▶ **Exercise goal**:
Retype the data exactly, from its first line to the line containing "text Entrada: [177, 967, 1122, 995]", including both, and skip any picture.

____ Given records

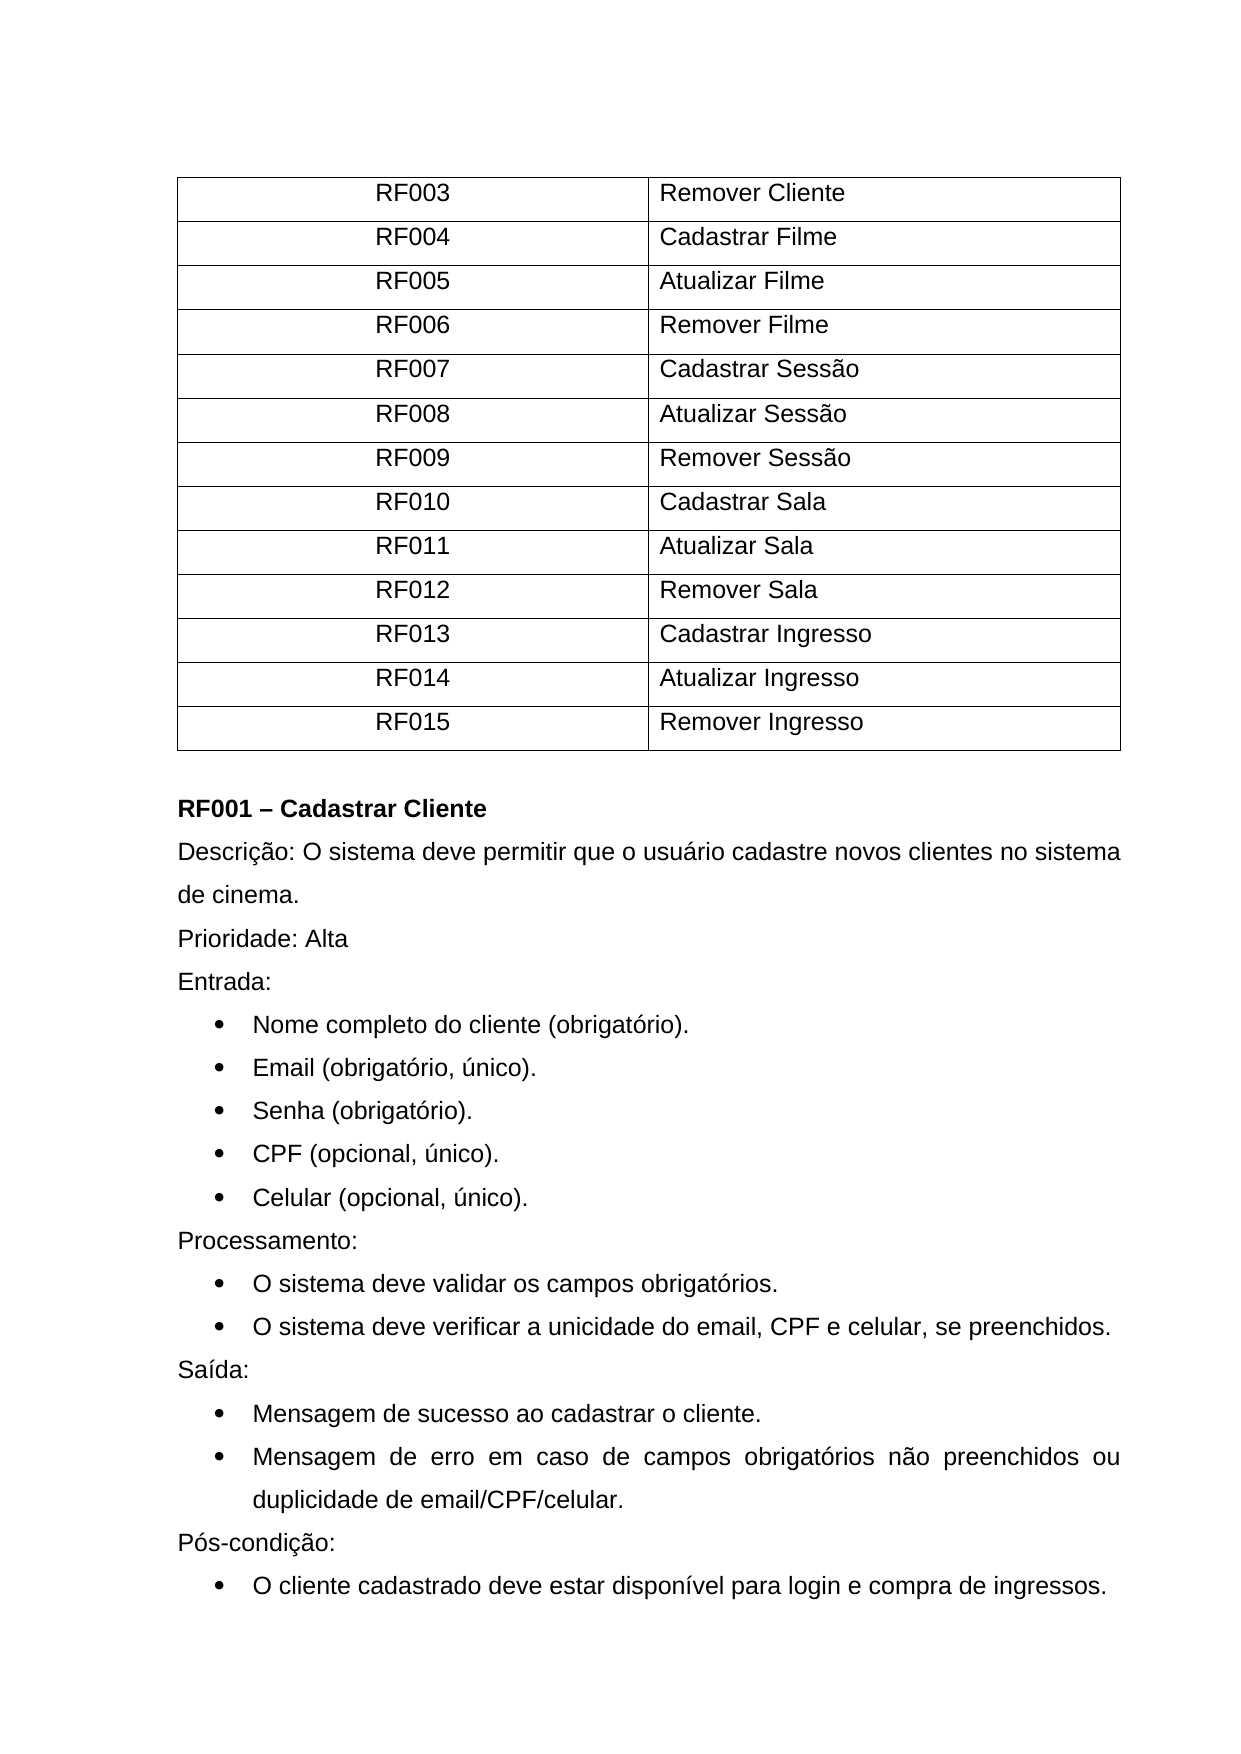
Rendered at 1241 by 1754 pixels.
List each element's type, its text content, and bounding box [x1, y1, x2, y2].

table_cell RF004 [178, 222, 648, 265]
table_cell Atualizar Sala [649, 531, 1120, 574]
list Email (obrigatório, único). [215, 1053, 1122, 1082]
text Entrada: [177, 967, 1122, 995]
table_cell Remover Ingresso [649, 707, 1120, 750]
table_cell RF012 [178, 575, 648, 618]
table_cell Atualizar Sessão [649, 399, 1120, 442]
text Descrição: O sistema deve permitir que o usuário cadastre novos clientes no sistema de cinema. [177, 837, 1122, 909]
table_cell RF008 [178, 399, 648, 442]
table_cell RF014 [178, 663, 648, 706]
list Celular (opcional, único). [215, 1183, 1122, 1212]
table_cell RF009 [178, 443, 648, 486]
table_cell RF006 [178, 310, 648, 353]
table_cell RF010 [178, 487, 648, 530]
table_cell Remover Filme [649, 310, 1120, 353]
table_cell Cadastrar Filme [649, 222, 1120, 265]
table_cell Remover Sala [649, 575, 1120, 618]
list CPF (opcional, único). [215, 1139, 1122, 1168]
text Saída: [177, 1356, 1122, 1384]
list O cliente cadastrado deve estar disponível para login e compra de ingressos. [215, 1571, 1122, 1600]
table_cell RF013 [178, 619, 648, 662]
list Senha (obrigatório). [215, 1096, 1122, 1125]
table_cell Remover Sessão [649, 443, 1120, 486]
list O sistema deve verificar a unicidade do email, CPF e celular, se preenchidos. [215, 1312, 1122, 1341]
table_cell Atualizar Filme [649, 266, 1120, 309]
list Mensagem de sucesso ao cadastrar o cliente. [215, 1399, 1122, 1427]
text Prioridade: Alta [177, 923, 1122, 952]
list Nome completo do cliente (obrigatório). [215, 1010, 1122, 1039]
text RF001 – Cadastrar Cliente [177, 794, 1122, 823]
table_cell RF011 [178, 531, 648, 574]
table_cell Cadastrar Ingresso [649, 619, 1120, 662]
table_header Remover Cliente [649, 178, 1120, 221]
list O sistema deve validar os campos obrigatórios. [215, 1269, 1122, 1298]
text Pós-condição: [177, 1528, 1122, 1557]
text Processamento: [177, 1226, 1122, 1255]
table_cell Cadastrar Sessão [649, 355, 1120, 397]
list Mensagem de erro em caso de campos obrigatórios não preenchidos ou duplicidade de email/CPF/celular. [215, 1442, 1122, 1514]
table_cell Atualizar Ingresso [649, 663, 1120, 706]
table_cell Cadastrar Sala [649, 487, 1120, 530]
table_header RF003 [178, 178, 648, 221]
table_cell RF005 [178, 266, 648, 309]
table_cell RF015 [178, 707, 648, 750]
table_cell RF007 [178, 355, 648, 397]
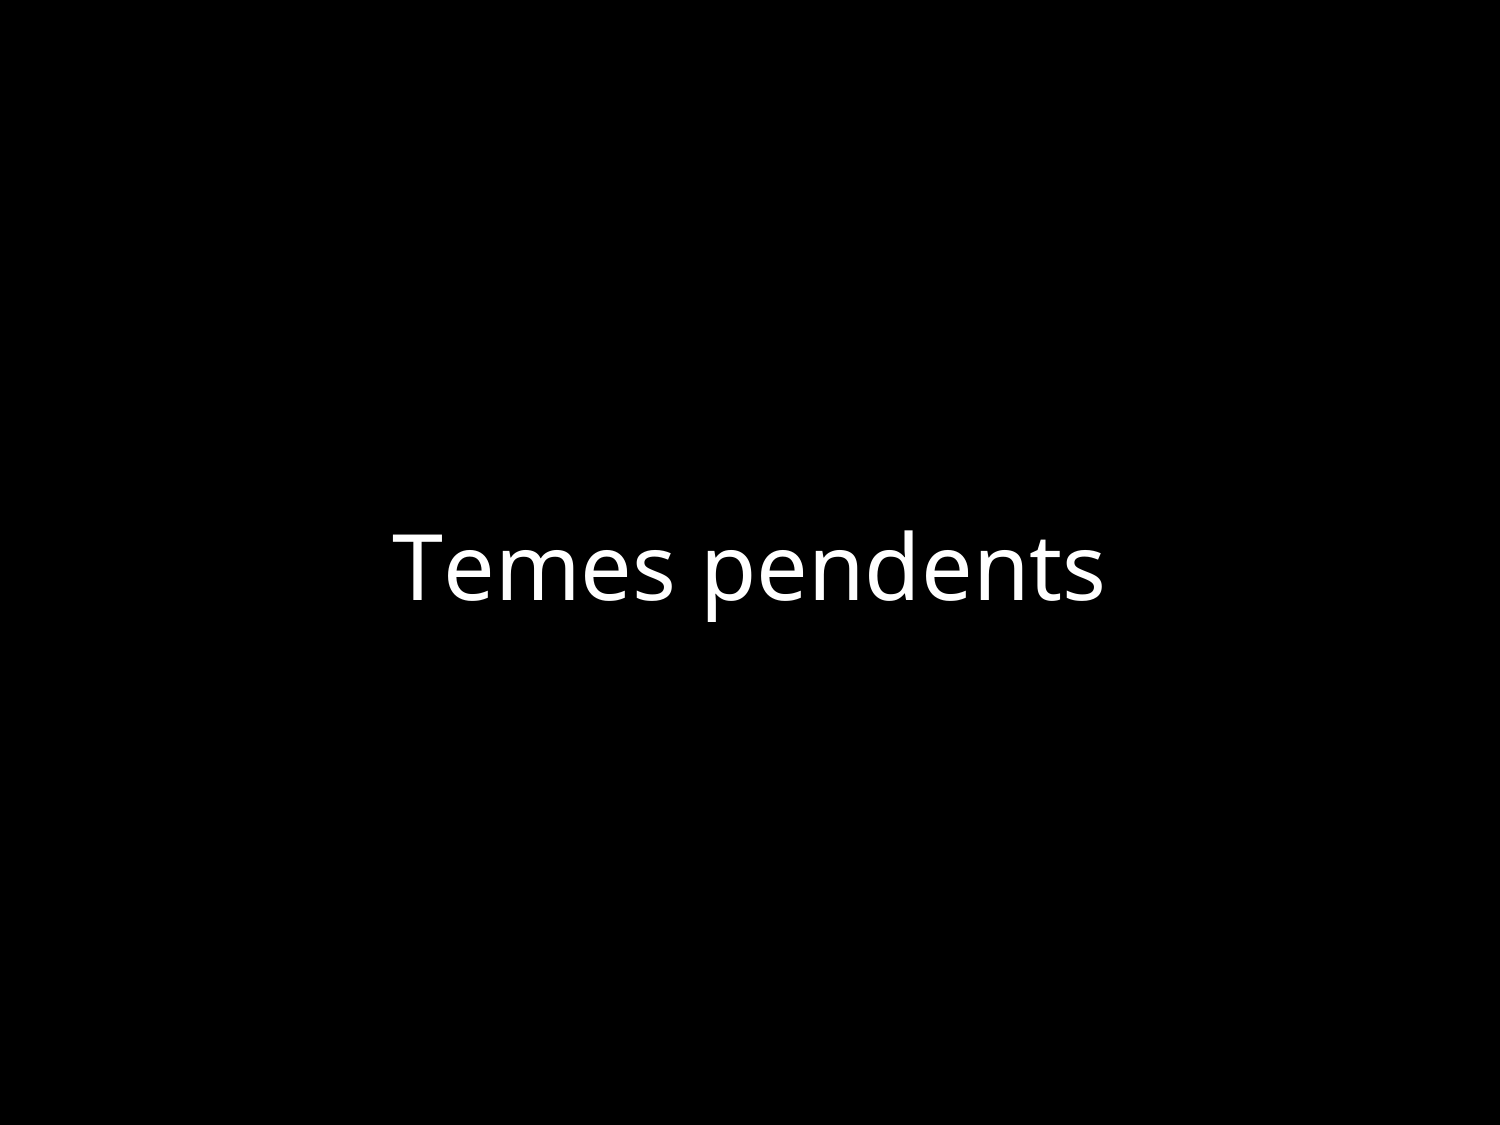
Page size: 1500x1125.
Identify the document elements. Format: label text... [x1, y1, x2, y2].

subtitle Temes pendents [109, 112, 1391, 1013]
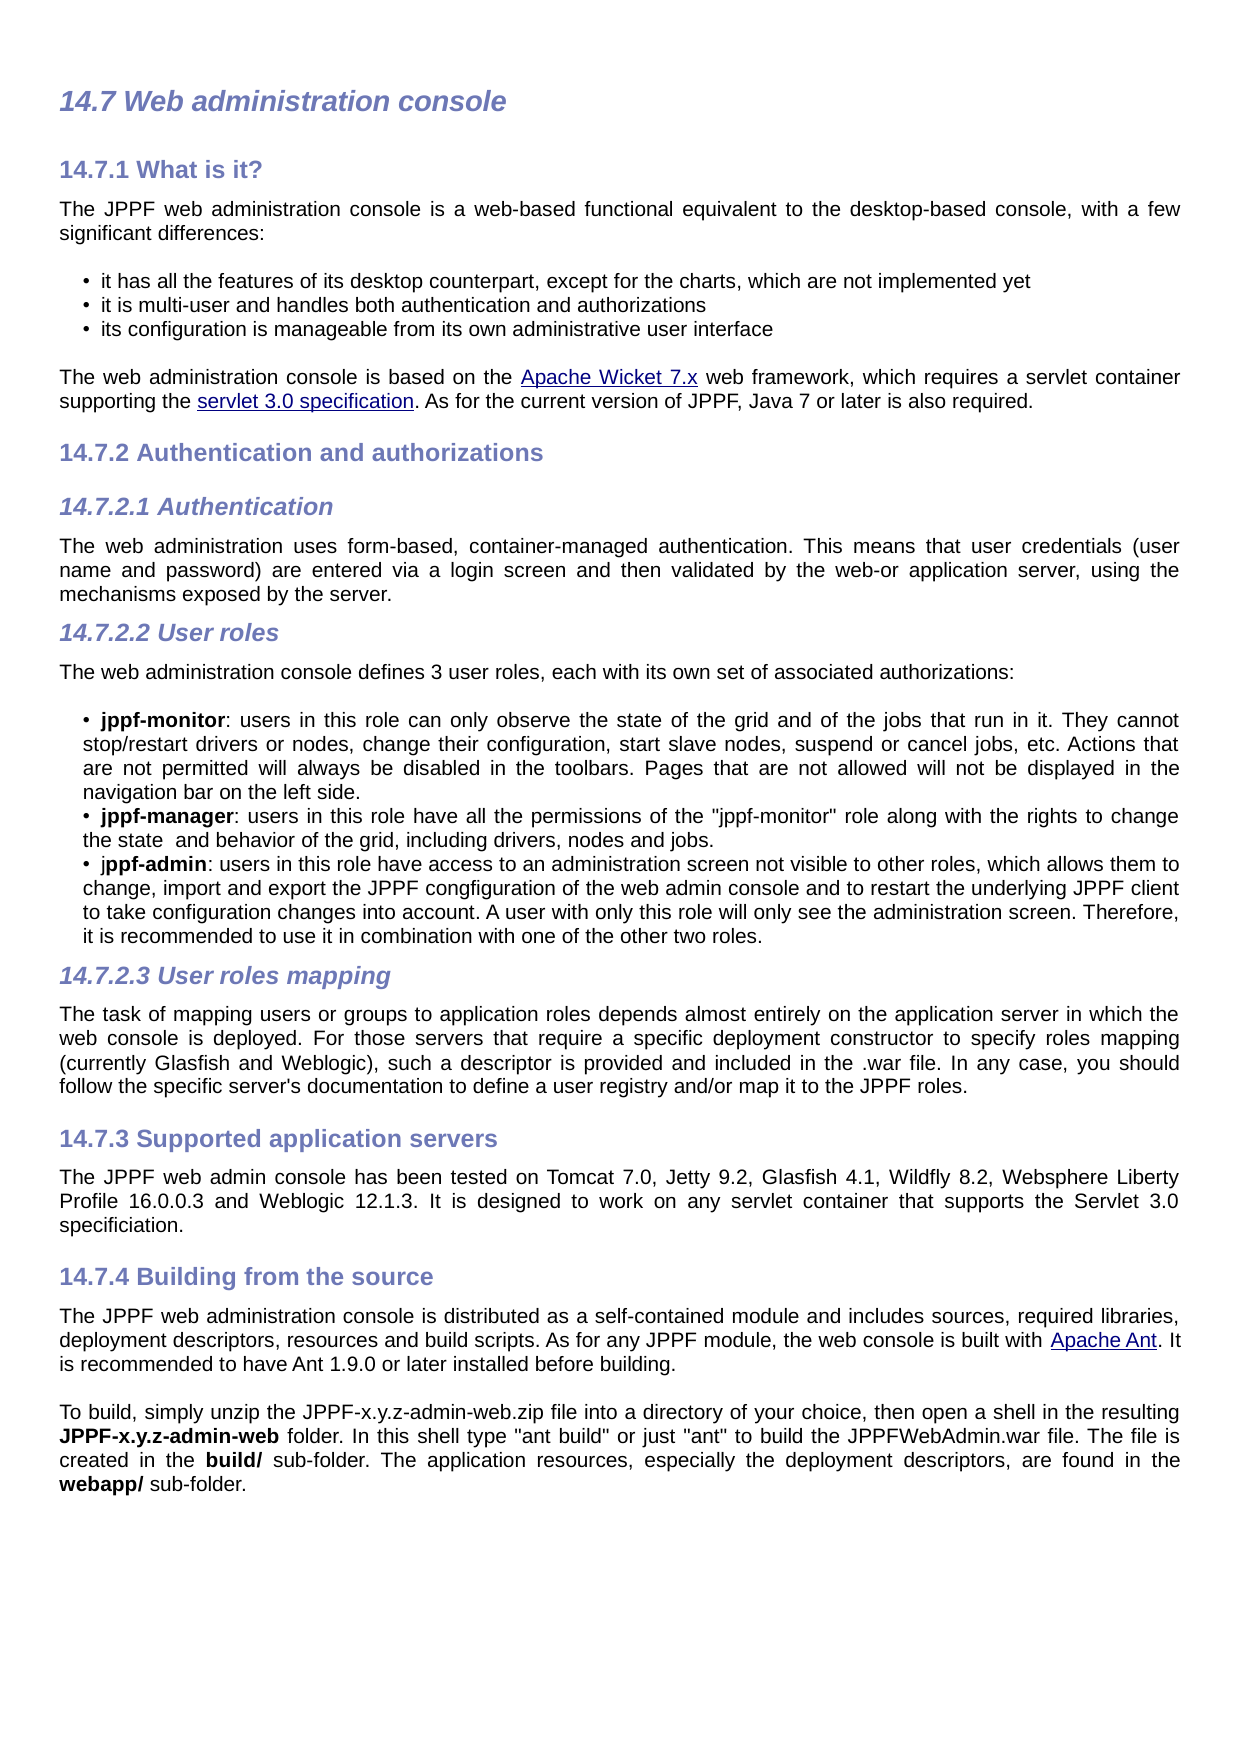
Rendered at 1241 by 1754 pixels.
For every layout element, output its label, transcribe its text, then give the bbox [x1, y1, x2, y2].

subtitle Authentication and authorizations [59, 438, 1181, 467]
subtitle Supported application servers [59, 1123, 1181, 1153]
text The web administration console is based on the Apache Wicket 7.x web framework, which requires a servlet container supporting the servlet 3.0 specification. As for the current version of JPPF, Java 7 or later is also required. [59, 365, 1181, 413]
subtitle User roles mapping [59, 961, 1181, 990]
text The task of mapping users or groups to application roles depends almost entirely on the application server in which the web console is deployed. For those servers that require a specific deployment constructor to specify roles mapping (currently Glasfish and Weblogic), such a descriptor is provided and included in the .war file. In any case, you should follow the specific server's documentation to define a user registry and/or map it to the JPPF roles. [59, 1002, 1181, 1098]
list its configuration is manageable from its own administrative user interface [83, 317, 1181, 341]
subtitle Web administration console [59, 84, 1181, 118]
subtitle Building from the source [59, 1262, 1181, 1291]
text To build, simply unzip the JPPF-x.y.z-admin-web.zip file into a directory of your choice, then open a shell in the resulting JPPF-x.y.z-admin-web folder. In this shell type "ant build" or just "ant" to build the JPPFWebAdmin.war file. The file is created in the build/ sub-folder. The application resources, especially the deployment descriptors, are found in the webapp/ sub-folder. [59, 1400, 1181, 1496]
list it is multi-user and handles both authentication and authorizations [83, 293, 1181, 317]
text The JPPF web administration console is distributed as a self-contained module and includes sources, required libraries, deployment descriptors, resources and build scripts. As for any JPPF module, the web console is built with Apache Ant. It is recommended to have Ant 1.9.0 or later installed before building. [59, 1304, 1181, 1376]
text The web administration console defines 3 user roles, each with its own set of associated authorizations: [59, 660, 1181, 684]
subtitle Authentication [59, 492, 1181, 521]
subtitle What is it? [59, 155, 1181, 184]
list jppf-admin: users in this role have access to an administration screen not visible to other roles, which allows them to change, import and export the JPPF congfiguration of the web admin console and to restart the underlying JPPF client to take configuration changes into account. A user with only this role will only see the administration screen. Therefore, it is recommended to use it in combination with one of the other two roles. [83, 852, 1181, 948]
subtitle User roles [59, 618, 1181, 647]
list jppf-manager: users in this role have all the permissions of the "jppf-monitor" role along with the rights to change the state and behavior of the grid, including drivers, nodes and jobs. [83, 804, 1181, 852]
text The JPPF web admin console has been tested on Tomcat 7.0, Jetty 9.2, Glasfish 4.1, Wildfly 8.2, Websphere Liberty Profile 16.0.0.3 and Weblogic 12.1.3. It is designed to work on any servlet container that supports the Servlet 3.0 specificiation. [59, 1165, 1181, 1237]
text The JPPF web administration console is a web-based functional equivalent to the desktop-based console, with a few significant differences: [59, 197, 1181, 245]
text The web administration uses form-based, container-managed authentication. This means that user credentials (user name and password) are entered via a login screen and then validated by the web-or application server, using the mechanisms exposed by the server. [59, 534, 1181, 606]
list jppf-monitor: users in this role can only observe the state of the grid and of the jobs that run in it. They cannot stop/restart drivers or nodes, change their configuration, start slave nodes, suspend or cancel jobs, etc. Actions that are not permitted will always be disabled in the toolbars. Pages that are not allowed will not be displayed in the navigation bar on the left side. [83, 708, 1181, 804]
list it has all the features of its desktop counterpart, except for the charts, which are not implemented yet [83, 269, 1181, 293]

________

▶ **Response for this exercise**:
Rendered at 1241 by 1754 pixels.
List each element's type, its text content, and bounding box [x1, y1, x2, y2].

table_cell RF004 [178, 222, 648, 265]
table_cell Atualizar Sala [649, 531, 1120, 574]
list Email (obrigatório, único). [215, 1053, 1122, 1082]
text Entrada: [177, 967, 1122, 995]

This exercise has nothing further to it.